Based on the Japanese film “Ju-On: The Grudge” written & directed by Takashi Shimizu, The Grudge presupposes that when someone dies in the grip of a powerful rage, a curse is born. The curse gathers in the place of death, and those who encounter it will be consumed by its fury.

“The Grudge is a curse that manifests itself in different ways, depending on who it’s manifesting itself to,” director-writer Nicholas Pesce explains. For example, Detective Muldoon (Andrea Riseborough) is dealing with the grief of losing her husband – so the ghost that primarily appears to her is that of Fiona’s dead husband, Sam. “And Peter (John Cho), he’s all about being a parent, and the child ghost is the one that appears to him.”

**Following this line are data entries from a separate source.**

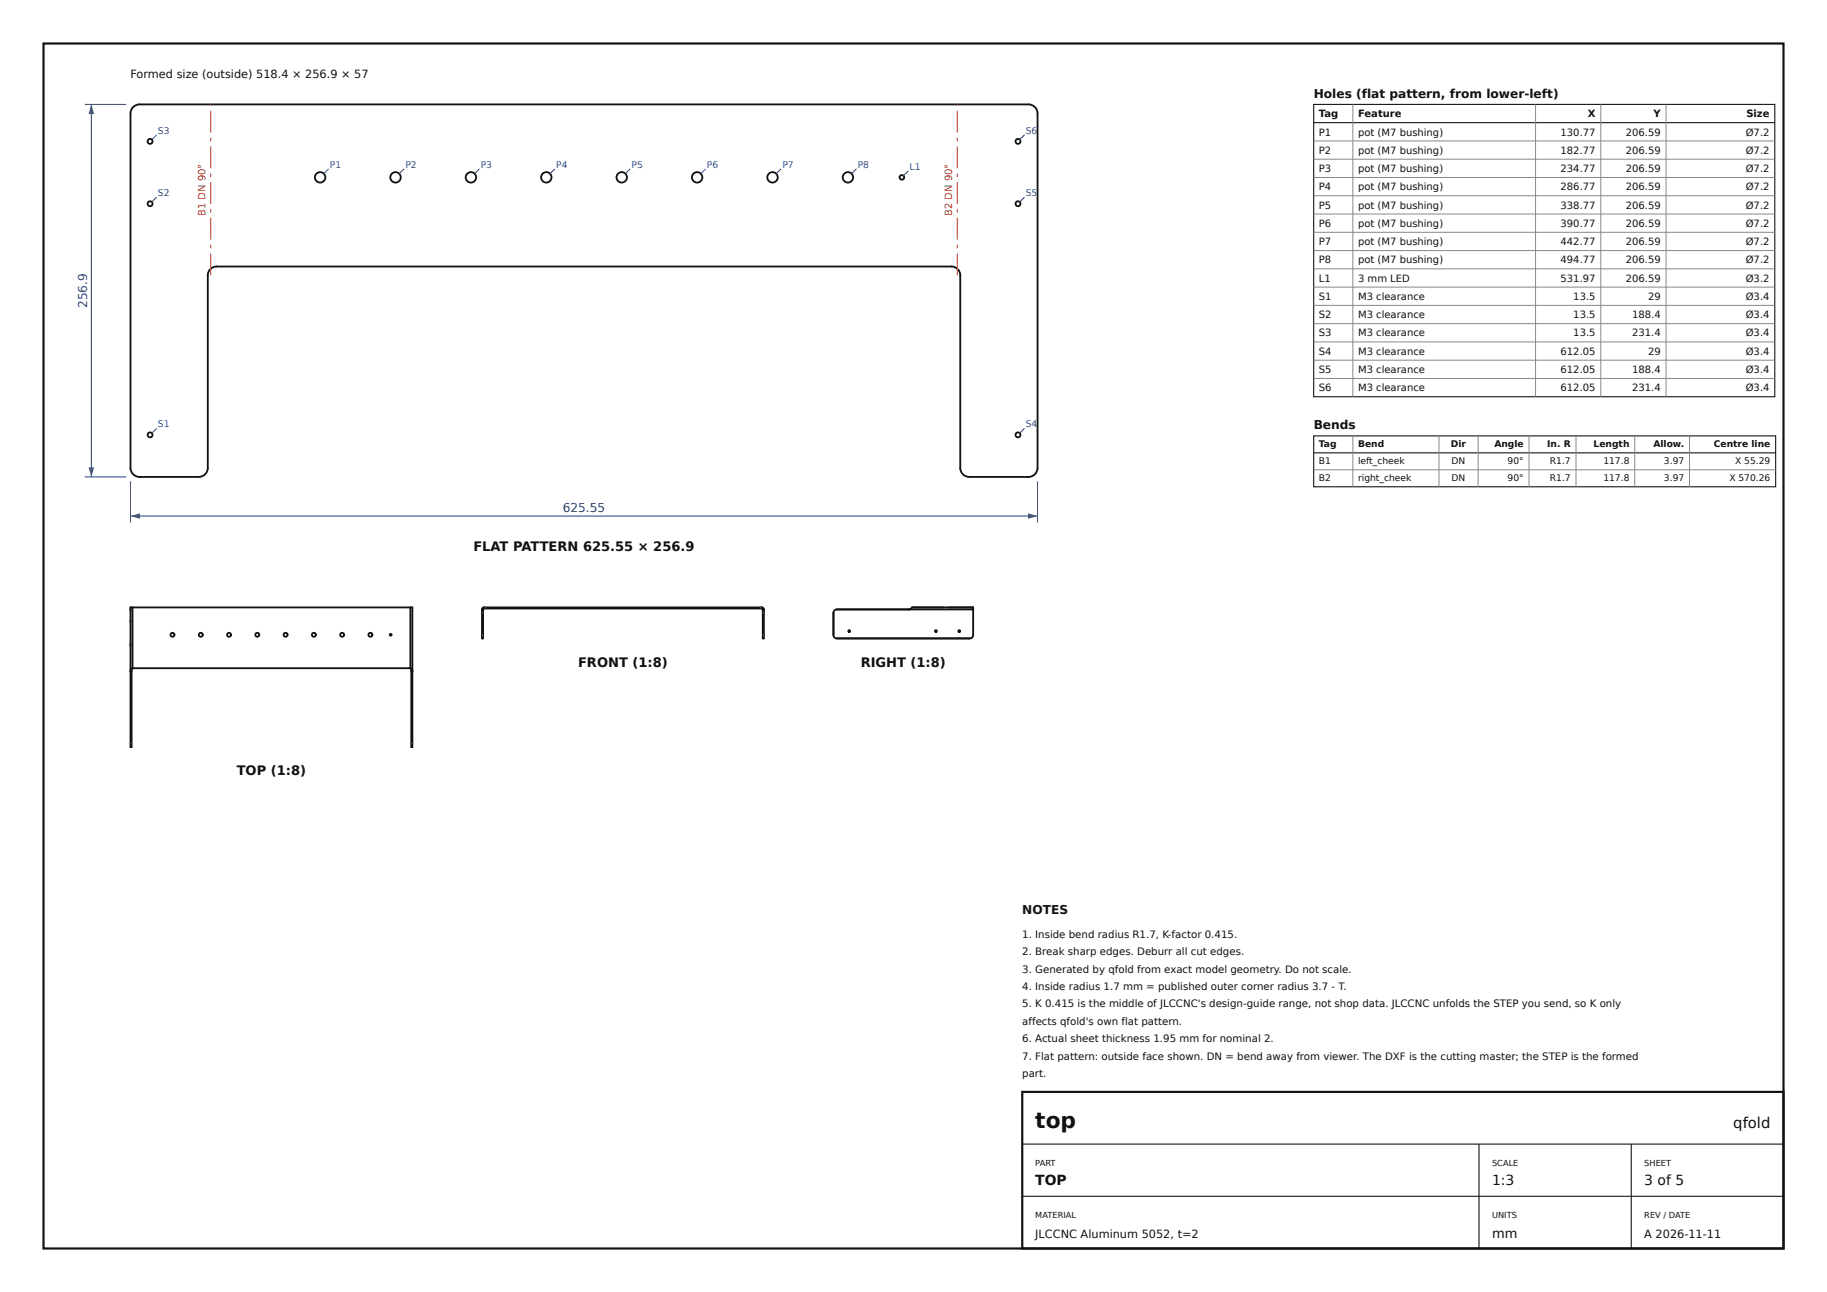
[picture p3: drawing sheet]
<svg xmlns="http://www.w3.org/2000/svg" width="420mm" height="297mm" viewBox="0 0 420 297" stroke-linecap="round" stroke-linejoin="round" font-family="sans-serif">
<defs><g id="words">
<text font-size="5" fill="#111" x="238" y="259.4">top</text>
<text font-size="3.4" fill="#111" x="398.5" y="259.4">qfold</text>
<g font-size="3.2" fill="#111">
<text x="238" y="272.5">TOP</text>
<text x="343" y="272.5">1:3</text>
<text x="378" y="272.5">3 of 5</text>
</g>
<g font-size="3" fill="#111">
<text x="108.8" y="126.6">FLAT PATTERN 625.55 × 256.9</text>
<text x="132.9" y="153.3">FRONT (1:8)</text>
<text x="197.9" y="153.3">RIGHT (1:8)</text>
<text x="54.4" y="178.2">TOP (1:8)</text>
<text x="343" y="284.5">mm</text>
</g>
<g font-size="2.8" fill="#111">
<text x="302" y="22.5">Holes (flat pattern, from lower-left)</text>
<text x="302" y="98.7">Bends</text>
<text x="235" y="210">NOTES</text>
</g>
<g font-size="2.8" fill="#1d3f8f">
<text x="20" y="70.8" transform="rotate(-90 20 70.8)">256.9</text>
<text x="129.4" y="117.6">625.55</text>
</g>
<g font-size="2.6" fill="#111">
<text x="30" y="18">Formed size (outside) 518.4 × 256.9 × 57</text>
<text x="238" y="284.5">JLCCNC Aluminum 5052, t=2</text>
<text x="378" y="284.5">A 2026-11-11</text>
</g>
<g font-size="2.3" fill="#111">
<text x="303.2" y="27">Tag</text>
<text x="312.2" y="27">Feature</text>
<text x="365" y="27">X</text>
<text x="380.1" y="27">Y</text>
<text x="401.5" y="27">Size</text>
<text x="303.2" y="31.1">P1</text>
<text x="303.2" y="35.3">P2</text>
<text x="312.2" y="31.1">pot (M7 bushing)</text>
<text x="312.2" y="35.3">pot (M7 bushing)</text>
<text x="358.8" y="31.1">130.77</text>
<text x="358.8" y="35.3">182.77</text>
<text x="373.8" y="31.1">206.59</text>
<text x="373.8" y="35.3">206.59</text>
<text x="401.3" y="31.1">Ø7.2</text>
<text x="401.3" y="35.3">Ø7.2</text>
<text x="303.2" y="39.5">P3</text>
<text x="312.2" y="39.5">pot (M7 bushing)</text>
<text x="358.8" y="39.5">234.77</text>
<text x="373.8" y="39.5">206.59</text>
<text x="401.3" y="39.5">Ø7.2</text>
<text x="303.2" y="43.8">P4</text>
<text x="303.2" y="48">P5</text>
<text x="312.2" y="43.8">pot (M7 bushing)</text>
<text x="312.2" y="48">pot (M7 bushing)</text>
<text x="358.8" y="43.8">286.77</text>
<text x="358.8" y="48">338.77</text>
<text x="373.8" y="43.8">206.59</text>
<text x="373.8" y="48">206.59</text>
<text x="401.3" y="43.8">Ø7.2</text>
<text x="401.3" y="48">Ø7.2</text>
<text x="303.2" y="52.2">P6</text>
<text x="312.2" y="52.2">pot (M7 bushing)</text>
<text x="358.8" y="52.2">390.77</text>
<text x="373.8" y="52.2">206.59</text>
<text x="401.3" y="52.2">Ø7.2</text>
<text x="303.2" y="56.3">P7</text>
<text x="312.2" y="56.3">pot (M7 bushing)</text>
<text x="358.8" y="56.3">442.77</text>
<text x="373.8" y="56.3">206.59</text>
<text x="401.3" y="56.3">Ø7.2</text>
<text x="303.2" y="60.5">P8</text>
<text x="303.2" y="64.8">L1</text>
<text x="312.2" y="60.5">pot (M7 bushing)</text>
<text x="312.2" y="64.8">3 mm LED</text>
<text x="358.8" y="60.5">494.77</text>
<text x="358.8" y="64.8">531.97</text>
<text x="373.8" y="60.5">206.59</text>
<text x="373.8" y="64.8">206.59</text>
<text x="401.3" y="60.5">Ø7.2</text>
<text x="401.3" y="64.8">Ø3.2</text>
<text x="303.2" y="69">S1</text>
<text x="312.2" y="69">M3 clearance</text>
<text x="361.7" y="69">13.5</text>
<text x="378.9" y="69">29</text>
<text x="401.3" y="69">Ø3.4</text>
<text x="303.2" y="73.2">S2</text>
<text x="303.2" y="77.3">S3</text>
<text x="312.2" y="73.2">M3 clearance</text>
<text x="312.2" y="77.3">M3 clearance</text>
<text x="361.7" y="73.2">13.5</text>
<text x="361.7" y="77.3">13.5</text>
<text x="375.2" y="73.2">188.4</text>
<text x="375.2" y="77.3">231.4</text>
<text x="401.3" y="73.2">Ø3.4</text>
<text x="401.3" y="77.3">Ø3.4</text>
<text x="303.2" y="81.5">S4</text>
<text x="312.2" y="81.5">M3 clearance</text>
<text x="358.8" y="81.5">612.05</text>
<text x="378.9" y="81.5">29</text>
<text x="401.3" y="81.5">Ø3.4</text>
<text x="303.2" y="85.7">S5</text>
<text x="303.2" y="90">S6</text>
<text x="312.2" y="85.7">M3 clearance</text>
<text x="312.2" y="90">M3 clearance</text>
<text x="358.8" y="85.7">612.05</text>
<text x="358.8" y="90">612.05</text>
<text x="375.2" y="85.7">188.4</text>
<text x="375.2" y="90">231.4</text>
<text x="401.3" y="85.7">Ø3.4</text>
<text x="401.3" y="90">Ø3.4</text>
<text x="235" y="215.6">1. Inside bend radius R1.7, K-factor 0.415.</text>
<text x="235" y="219.6">2. Break sharp edges. Deburr all cut edges.</text>
<text x="235" y="223.6">3. Generated by qfold from exact model geometry. Do not scale.</text>
<text x="235" y="227.6">4. Inside radius 1.7 mm = published outer corner radius 3.7 - T.</text>
<text x="235" y="231.6">5. K 0.415 is the middle of JLCCNC's design-guide range, not shop data. JLCCNC unfolds the STEP you send, so K only</text>
<text x="235" y="235.6">affects qfold's own flat pattern.</text>
<text x="235" y="239.6">6. Actual sheet thickness 1.95 mm for nominal 2.</text>
<text x="235" y="243.6">7. Flat pattern: outside face shown. DN = bend away from viewer. The DXF is the cutting master; the STEP is the formed</text>
<text x="235" y="247.6">part.</text>
</g>
<g font-size="2.3" fill="#c0392b">
<text x="47.2" y="49.7" transform="rotate(-90 47.2 49.7)">B1 DN 90°</text>
<text x="218.9" y="49.7" transform="rotate(-90 218.9 49.7)">B2 DN 90°</text>
</g>
<g font-size="2.1" fill="#1d3f8f">
<text x="36.3" y="30.7">S3</text>
<text x="235.8" y="30.7">S6</text>
<text x="75.9" y="38.5">P1</text>
<text x="93.2" y="38.5">P2</text>
<text x="110.5" y="38.5">P3</text>
<text x="127.9" y="38.5">P4</text>
<text x="145.2" y="38.5">P5</text>
<text x="162.5" y="38.5">P6</text>
<text x="179.9" y="38.5">P7</text>
<text x="197.2" y="38.5">P8</text>
<text x="209.1" y="39">L1</text>
<text x="36.3" y="45">S2</text>
<text x="235.8" y="45">S5</text>
<text x="36.3" y="98.2">S1</text>
<text x="235.8" y="98.2">S4</text>
</g>
<g font-size="2.1" fill="#111">
<text x="303.2" y="102.8">Tag</text>
<text x="303.2" y="106.7">B1</text>
<text x="312.2" y="102.8">Bend</text>
<text x="312.2" y="106.7">left_cheek</text>
<text x="333.6" y="102.8">Dir</text>
<text x="333.7" y="106.7">DN</text>
<text x="343.5" y="102.8">Angle</text>
<text x="346.6" y="106.7">90°</text>
<text x="355.7" y="102.8">In. R</text>
<text x="356.3" y="106.7">R1.7</text>
<text x="366.3" y="102.8">Length</text>
<text x="368.6" y="106.7">117.8</text>
<text x="380.1" y="102.8">Allow.</text>
<text x="382.5" y="106.7">3.97</text>
<text x="394" y="102.8">Centre line</text>
<text x="398.9" y="106.7">X 55.29</text>
<text x="303.2" y="110.7">B2</text>
<text x="312.2" y="110.7">right_cheek</text>
<text x="333.7" y="110.7">DN</text>
<text x="346.6" y="110.7">90°</text>
<text x="356.3" y="110.7">R1.7</text>
<text x="368.6" y="110.7">117.8</text>
<text x="382.5" y="110.7">3.97</text>
<text x="397.6" y="110.7">X 570.26</text>
</g>
<g font-size="1.9" fill="#111">
<text x="238" y="268">PART</text>
<text x="343" y="268">SCALE</text>
<text x="378" y="268">SHEET</text>
<text x="238" y="280">MATERIAL</text>
<text x="343" y="280">UNITS</text>
<text x="378" y="280">REV / DATE</text>
</g>
</g></defs>
<path d="M10 10h400v277h-400zM235 251h175v36h-175z" fill="none" stroke="#111" stroke-width=".5"/>
<path d="M235 263h175M235 275h175M340 263v24M375 263v24" fill="none" stroke="#111" stroke-width=".25"/>
<g fill="none" stroke="#111" stroke-width=".42">
<path d="M30.6 24.6l.9-.5 .6-.1h204.3a2.07 2.07 0 0 1 2.1 2.1v81.5a2.07 2.07 0 0 1-2.1 2h-13.6a2.07 2.07 0 0 1-2.1-2v-44.3a2 2 0 0 0-2-2h-168.9a2 2 0 0 0-2 2v44.3a2.07 2.07 0 0 1-2.1 2h-13.6a2.07 2.07 0 0 1-2.1-2v-81.5l.1-.6z"/>
<circle cx="34.5" cy="32.5" r=".57"/>
<circle cx="234" cy="32.5" r=".57"/>
<circle cx="34.5" cy="46.8" r=".57"/>
<circle cx="73.6" cy="40.8" r="1.2"/>
<circle cx="90.9" cy="40.8" r="1.2"/>
<circle cx="108.3" cy="40.8" r="1.2"/>
<circle cx="125.6" cy="40.8" r="1.2"/>
<circle cx="142.9" cy="40.8" r="1.2"/>
<circle cx="160.3" cy="40.8" r="1.2"/>
<circle cx="177.6" cy="40.8" r="1.2"/>
<circle cx="194.9" cy="40.8" r="1.2"/>
<circle cx="207.3" cy="40.8" r=".53"/>
<circle cx="234" cy="46.8" r=".57"/>
<circle cx="34.5" cy="100" r=".57"/>
<circle cx="234" cy="100" r=".57"/>
</g>
<path d="M48.4 63.3v-39.3M220.1 63.3v-39.3" fill="none" stroke="#c0392b" stroke-width=".28" stroke-dasharray="5 1.2 .8 1.2" stroke-linecap="butt"/>
<path d="M30 110.6v9.5M30 118.6h208.5M238.5 110.6v9.5" fill="none" stroke="#1d3f8f" stroke-width=".23"/>
<g fill="#1d3f8f">
<path d="M30 118.6l2.2-.6v1.2z"/>
<path d="M236.3 118l2.2 .6-2.2 .6z"/>
</g>
<path d="M19.5 24h9.5M21 24v85.6M19.5 109.6h9.5" fill="none" stroke="#1d3f8f" stroke-width=".23"/>
<g fill="#1d3f8f">
<path d="M20.4 107.4h1.2l-.6 2.2z"/>
<path d="M21 24l.6 2.2h-1.2z"/>
</g>
<g fill="none" stroke="#1d3f8f" stroke-width=".23">
<path d="M36 31l-1.1 1.1M75.6 38.8l-1.2 1.1M92.9 38.8l-1.1 1.1M110.2 38.8l-1.1 1.1M127.6 38.8l-1.2 1.1M144.9 38.8l-1.1 1.1M162.2 38.8l-1.1 1.1M179.6 38.8l-1.2 1.1M196.9 38.8l-1.1 1.1M208.8 39.3l-1.1 1.1M235.5 31l-1.1 1.1M36 45.3l-1.1 1.1"/>
<path d="M235.5 45.3l-1.1 1.1M36 98.5l-1.1 1.1M235.5 98.5l-1.1 1.1"/>
</g>
<path d="M302 24h106v67.2h-106zM302 28.2h106M302 100.2h106.2v11.7h-106.2zM302 104.1h106.2" fill="none" stroke="#111" stroke-width=".25"/>
<g fill="none" stroke="#888" stroke-width=".23">
<path d="M302 32.4h106M302 36.6h106M311 24v67.2M353 24v67.2M368 24v67.2M383 24v67.2M302 40.8h106M302 45h106M302 49.2h106M302 53.4h106M302 57.6h106M302 61.8h106"/>
<path d="M302 66h106M302 70.2h106M302 74.4h106M302 78.6h106M302 82.8h106M302 87h106M302 108h106.2M311 100.2v11.7M330.8 100.2v11.7M339.8 100.2v11.7M351.5 100.2v11.7M362.3 100.2v11.7"/>
<path d="M375.8 100.2v11.7M388.4 100.2v11.7"/>
</g>
<g fill="none" stroke="#111" stroke-width=".42">
<path d="M30.5 139.6v14.1M94.3 139.6v14.1M111.3 139.9l-.2 .2M111.3 139.6l-.4 .2-.1 .3M111.3 139.6h63.8M111.3 139.9h63.8M111.3 139.6v.3M175.1 139.9l.2 .2M175.1 139.6l.3 .2 .2 .3M175.1 139.6v.3M30.2 154.4v17.3h-.2v-32.1h64.8v32.1h-.2v-17.3M30.5 153.7l-.3 .7"/>
<path d="M30.5 153.7l-.5 .3v.4h.2M30.5 153.7h63.8M94.3 153.7l.3 .7M94.3 153.7l.5 .3v.4h-.2M110.8 140.1v6.7h.3v-6.7M110.8 140.1h.3M175.3 140.1h.3M175.3 140.1v6.7h.3v-6.7M209 140.1l.7-.5h14v6.7l-.4 .3-.4 .2h-30.5l-.5-.2-.3-.4v-5.4l.2-.5 .5-.2h31.4"/>
<circle cx="39.6" cy="145.9" r=".45"/>
<circle cx="46.2" cy="145.9" r=".45"/>
<circle cx="52.7" cy="145.9" r=".45"/>
<circle cx="59.2" cy="145.9" r=".45"/>
<circle cx="65.6" cy="145.9" r=".45"/>
<circle cx="72.2" cy="145.9" r=".45"/>
<circle cx="78.6" cy="145.9" r=".45"/>
<circle cx="85.1" cy="145.9" r=".45"/>
<circle cx="89.8" cy="145.9" r=".2"/>
<circle cx="195.2" cy="145.1" r=".21"/>
<circle cx="215.2" cy="145.1" r=".21"/>
<circle cx="220.5" cy="145.1" r=".21"/>
</g>
<path d="M111.5 139.6v.3M174.9 139.6v.3M110.8 140.9h.3M110.8 146h.3M175.3 140.9h.3M175.3 146h.3M30 171h.2M94.6 171h.2" fill="none" stroke="#9a9a9a" stroke-width=".23"/>
<use href="#words"/>
</svg>

The ghosts deliver something else that Grudge fans know and love from the previous films – their “croak” or death rattle. The croak in the Japanese films comes from the sounds that Kayako makes when she dies, one which, Pesce notes, was made by filmmaker Shimizu himself. “Even long before he made the Grudge movies, he used to creep up behind his sister while she was doing her homework and do that sound behind her head! And it would make her lose it.”

Here, Pesce also wanted the ghosts to croak, based on how they die. “But always knowing that it should be in the same world as the classic croak (which the director actually borrowed from the original film for a brief moment in the opening, when Kayako appears behind Fiona while she’s still in Japan). “Sam’s is like a traditional Grudge croak – he fell down the stairs and his neck is twisted. It’s a little bit more gurgly, because of the blood that’s pooling in his mouth. Fiona had stabbed herself in the neck, so hers is a throaty groan, but a little wheezy, because her vocal chords and her throat are punctured. And Melinda is more like a little girl shriek. So we mixed that with the sound of screams underwater. Because a child screaming is terrifying.”

Directed by Nicolas Pesce, The Grudge stars Andrea Riseborough, Demián Bichir, John Cho, Betty Gilpin with Lin Shaye and Jacki Weaver. With a screenplay by Nicolas Pesce and a story by Nicolas Pesce and Jeff Buhler, The Grudge is based on the film Ju-On: The Grudge written & directed by Takashi Shimizu. The Grudge is produced by Sam Raimi, Rob Tapert and Taka Ichise and is executive produced by Nathan Kahane, Erin Westerman, Brady Fujikawa, Andrew Pfeffer, Roy Lee, Doug Davison, John Powers Middleton and Schuyler Weiss.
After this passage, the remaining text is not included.